His heart beat faster in his chest. "Your aunt knows you do these bogus psychic readings under this account. Surely, she set up an alert that notified her at the moment you went online. The gears in the White Russian organization are already turning. Hitmen have almost certainly been ordered to come here."
"She probably didn't even see me, and we need the money."
"Why on Earth would a temporary cash flow situation prompt you to betray our position like this?" he demanded.
"It's not a ‘temporary cash flow situation' to me. Last week, those hackers stole every little bit of savings I had. All the money the farm generates dumps right back into running it. You were cut off from your money by those people who hacked our bank accounts, too, so you can't even loan me some to get me by."
"But we would have figured it out."
"With your guests coming here next weekend for the Fourth of July, we have to be able to buy food and other items they'll need. We needed money. I'm getting us some money."
"Betraying our position wasn't worth forty bucks."
"Without access to our bank accounts, we need every dollar we can get our hands on to keep us afloat, to buy the feed corn for the chickens and hay for Charlie and HowNow, and especially if you want to buy steaks and whole chickens to rotisserie for guests."
"I wish you'd talked to me about this first. I was planning to call other friends, ones who aren't wrapped up with the White Russian mafia, to float me a loan of a couple hundred thousand until the hacking situation is resolved. I was deciding today who to call and planning to make the calls tomorrow morning."

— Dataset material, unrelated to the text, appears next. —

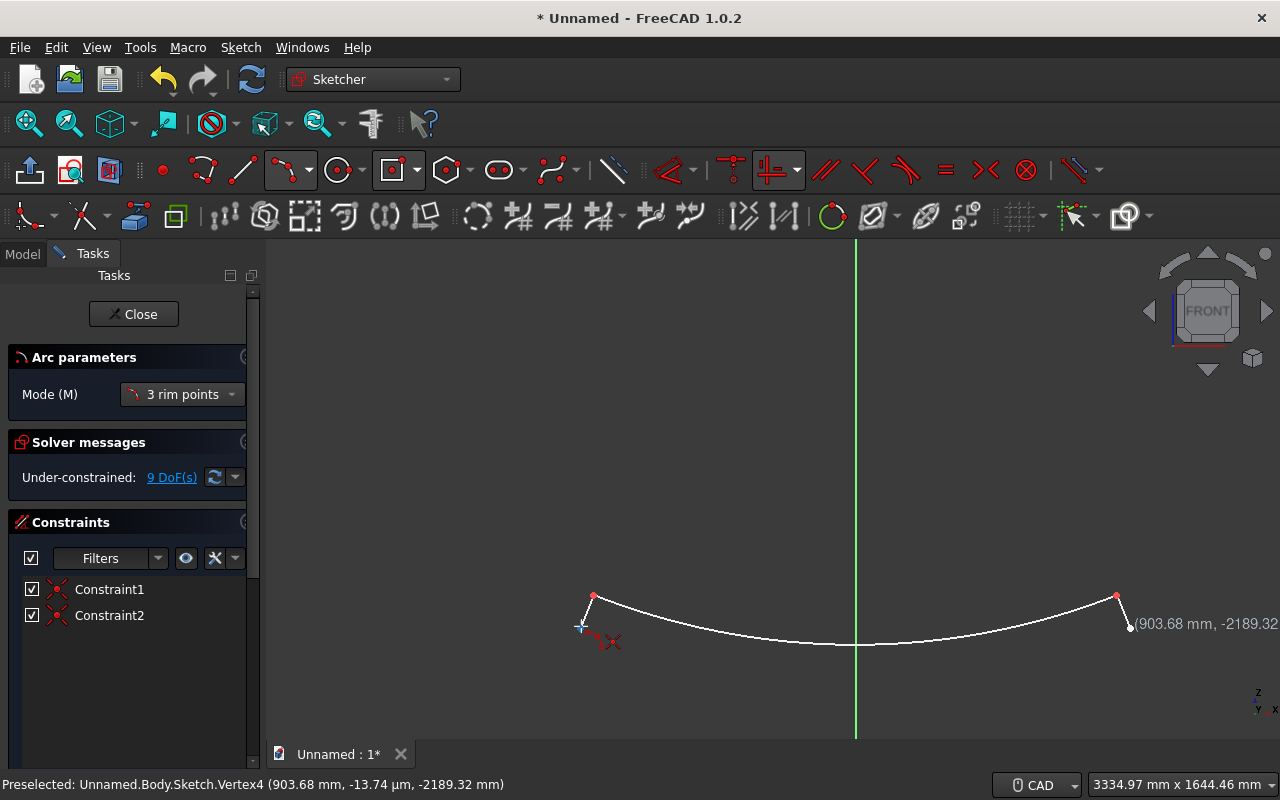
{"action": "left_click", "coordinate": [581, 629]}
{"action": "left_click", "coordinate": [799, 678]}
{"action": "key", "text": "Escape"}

Sarah jammed her hands together to make one huge fist. "Well, I wish you would've told me that. It must be nice to have rich friends who can just loan you bougie money at the drop of a hat. I sure as heck don't have any friends who could do that."
It had been a long time since Blaze had thought of money in terms of scarcity. "Was that tarot reading a private video like a DM, or did you announce yourself on social media?"
Sarah sighed heavily, and her shoulders dropped with defeat. Blaze dreaded her answer.
She said, "It was a live reading that anyone could watch. I did one lady's cards for money and then a general reading to gauge the temperature of the spirit realm, which is like a weather forecast for the future. So many people needed to hear that the cards are favorable, and everything will be okay."
"And were the cards ‘favorable?'" he asked, wishing like hell she hadn't gone online.
Sarah squinted her eyes at him. "I sure as heck said they were, and a whole lot of people have a tighter grip on their lives now. We have a community, you know. I started being Madam Belova after my parents died, and they got me through that time, financially and emotionally. There are a lot of desperate people out there, just like I was. It's important to give them encouragement and hope."
Blaze rested his head on the wall behind him. "So your aunt knows where we are."
"Well, she might not. I never have my location services on when I'm on social media, especially on livestreams."
"She'll recognize your studio from last time."
"When you tricked her into the Zoom call and attacked me?"
That was close to bratting, but Blaze wasn't going to follow the distraction. "Yes, Sarah. That time. And because she saw your robes and your studio on that call, she'll know they're the same this time. She'll know you're here at your farm."
"Maybe not. And besides, livestreams aren't recorded and posted. Once they're done, they're gone. And it's midnight in New York. She's probably asleep and missed it."
Blaze had no faith that Mary Varvara Bell would somehow miss that one of the people she was hunting had been livestreaming online. "Maybe so, but the odds are that this farm is now ground zero for the White Russians. We need to leave. Pack your bags."
"No."
Her quiet refusal didn't sound like bratting, but it did make Blaze want to run headfirst into the damn wall.